Но в это время Валерка попятился, повернулся спиной к своим противникам и грузно побежал. Он был в галошах на босу ногу, и, чтобы галоши не спадали, он бежал как будто на лыжах, не поднимая высоко ног, шоргая галошами по земле.
— Правильно, — сказал дядя Вася с облегчением, — уйди лучше от беды домой.
Четверо Валеркиных противников с облегченным и торжествующим ревом погнались за ним. А добежав до кучи строительного мусора у нашего дома, стали кидать вслед Валерке обломки кирпича. Мы с дядей Васей направились к ним, но вдруг дядя Вася прижал меня к забору. Все так же, словно на лыжах, Валерка выбежал из дому с охотничьим ружьем в руках. Еще не веря, что он может выстрелить, четверо задержались на мгновение, а потом трое бросились бежать — меня поразили их лица: смесь страха, смущения и какого-то отчаянного, пьяного веселья, — и лишь четвертый остался у кучи строительного мусора с обломками кирпича в руках. Он кинул свои бесполезные кирпичи навстречу Валерке, а тот выстрелил в него. Парень поднес руку к жалкой своей белой модной кепке, крикнул удивленно: «Попал!» — и осел на землю. Мы с дядей Васей кинулись к нему; парень лежал, уткнувшись лицом в битые кирпичи. Когда мы перевернули его на спину, внутри у него что-то перелилось с места на место.

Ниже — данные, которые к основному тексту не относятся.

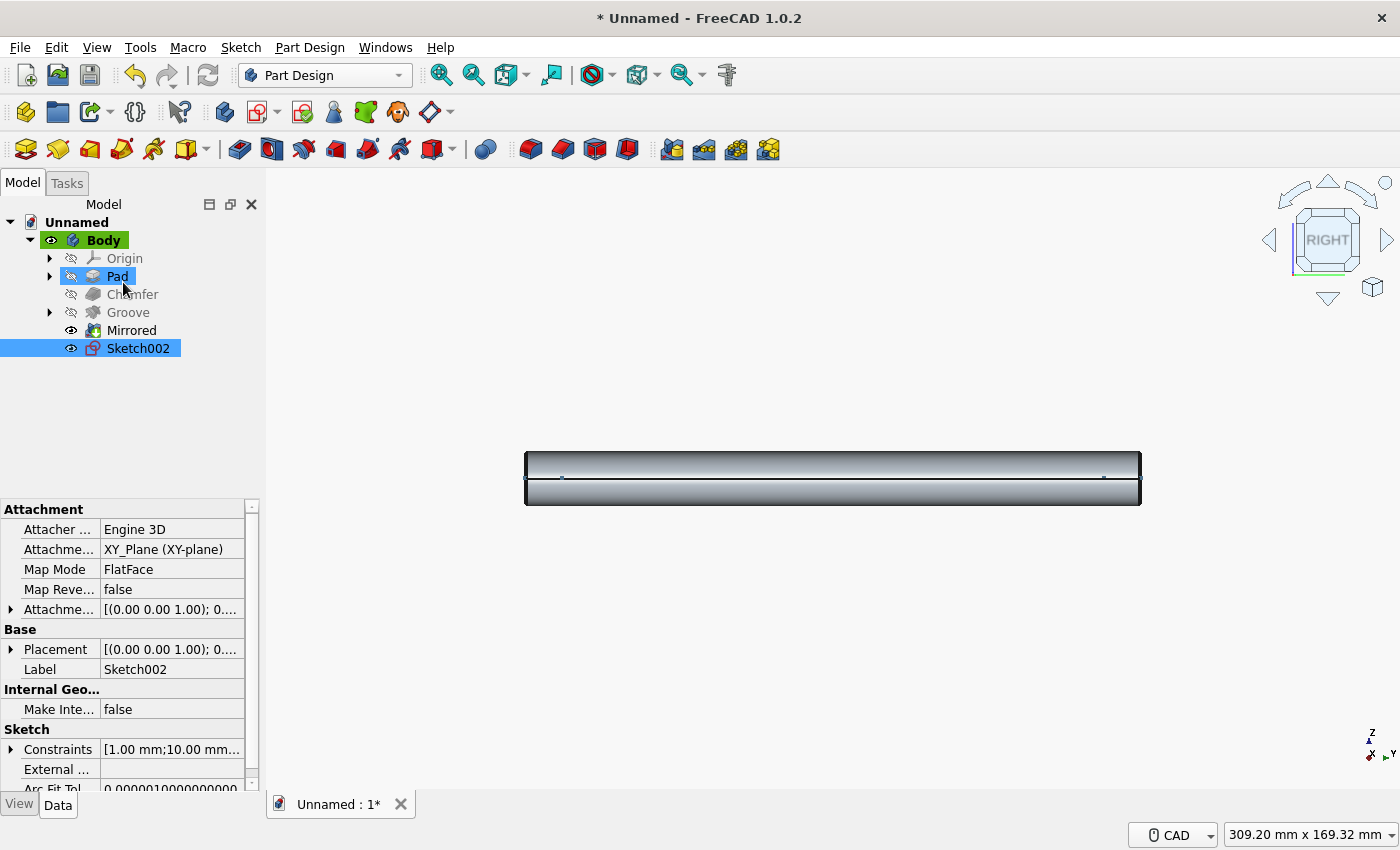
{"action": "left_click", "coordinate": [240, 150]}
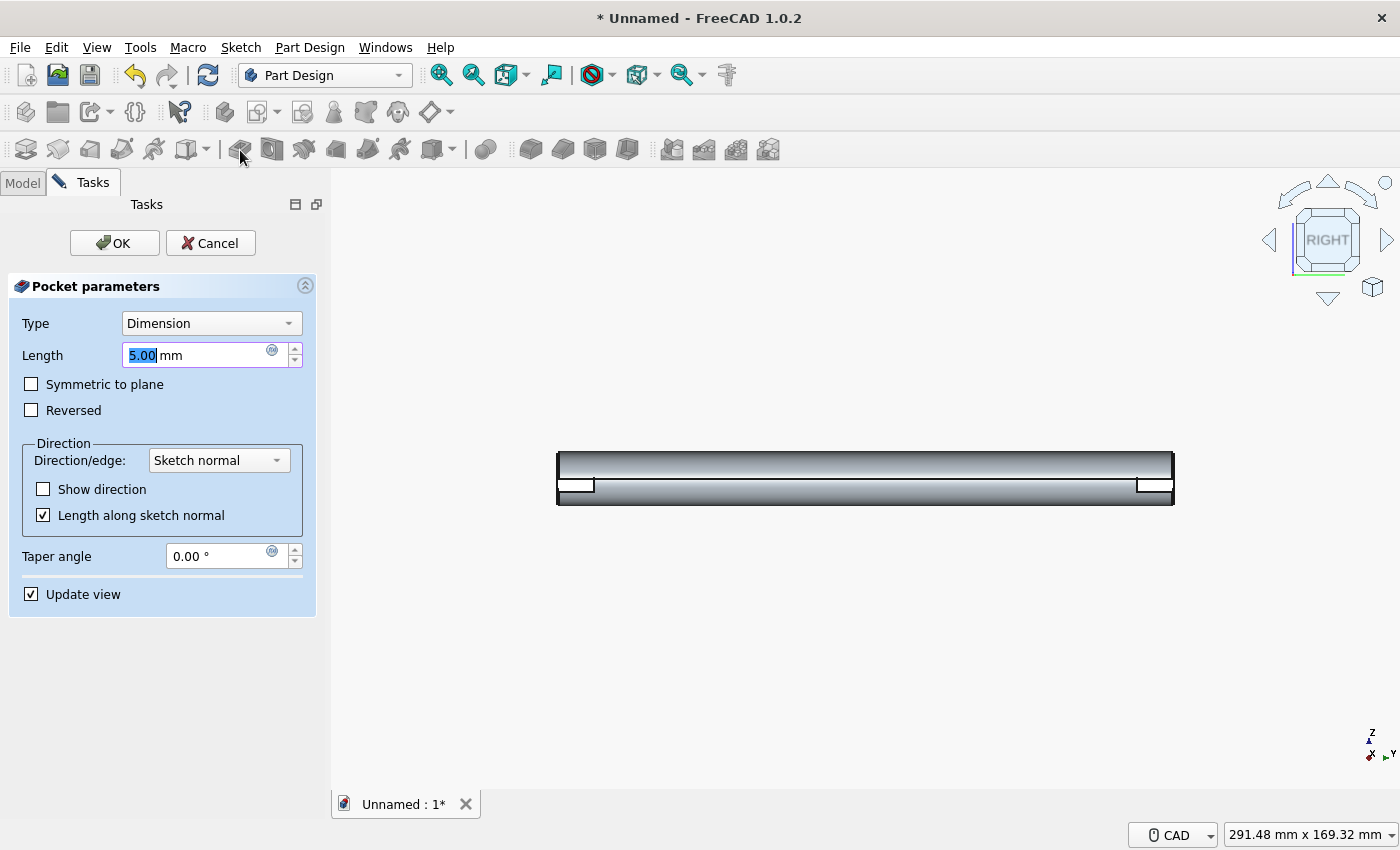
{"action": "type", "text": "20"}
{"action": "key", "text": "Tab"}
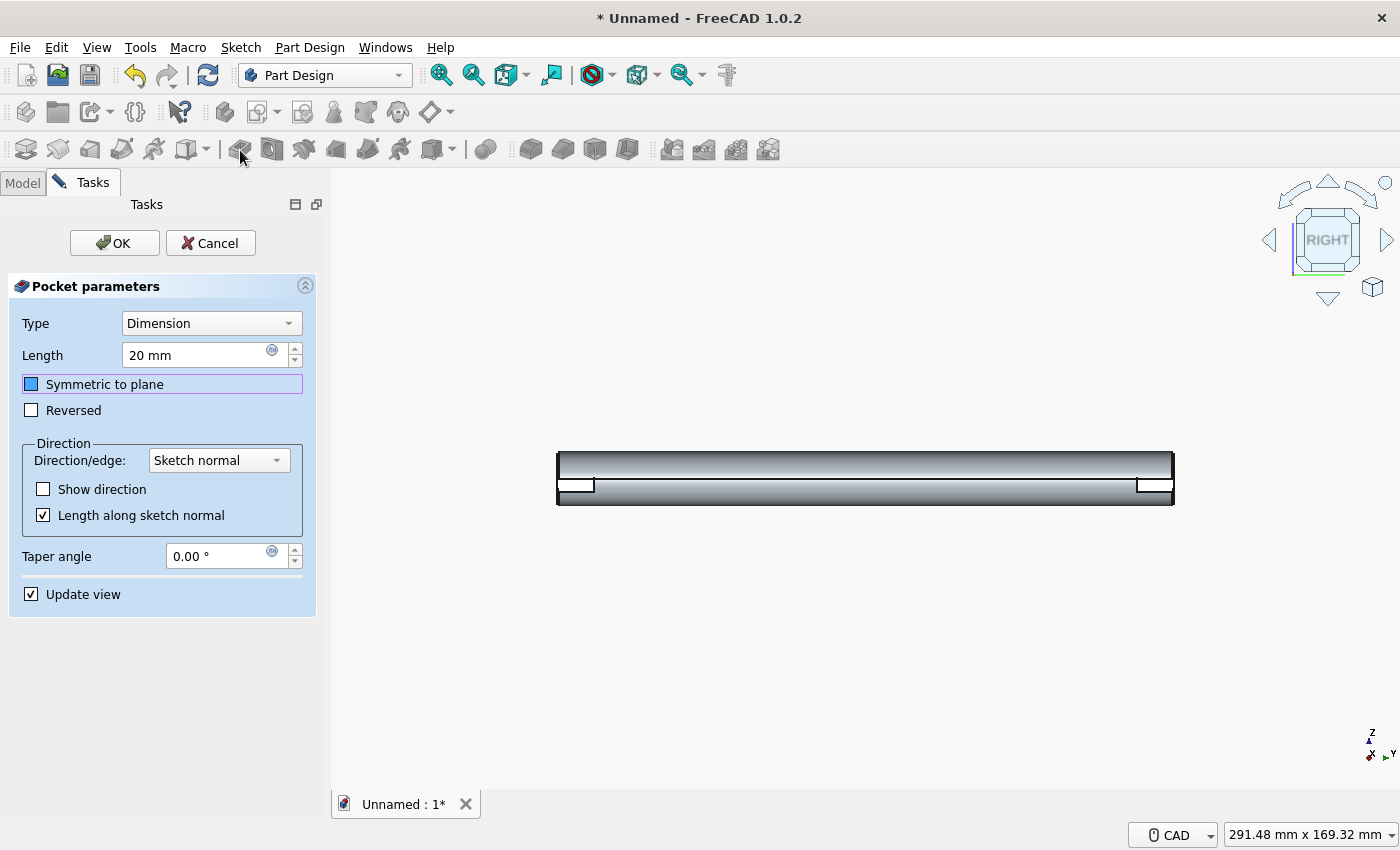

Я побежал в школу звонить в «скорую помощь» и милицию, сообщить в редакцию, что не смогу прийти, а в это время кто-то остановил орудовский мотоцикл. И орудовец забрал Валерку вместе с ружьем. Валерка, переодевшись, ждал, пока его заберут. Минут через десять после этого явилась милицейская машина с врачом. На улице уже было темно, и пока врач со своим помощником осматривал убитого, мотор машины работал — шофер прожектором освещал кучу строительного мусора, на которой лежал убитый. Если кто-то из толпы пытался что- нибудь посоветовать милицейскому врачу, откуда-то из темноты, из машины, скрытой за светом прожектора, кричали на советовавшего:
— А ну, отойди! Отойди! Без тебя знают! И-ышь, умный какой!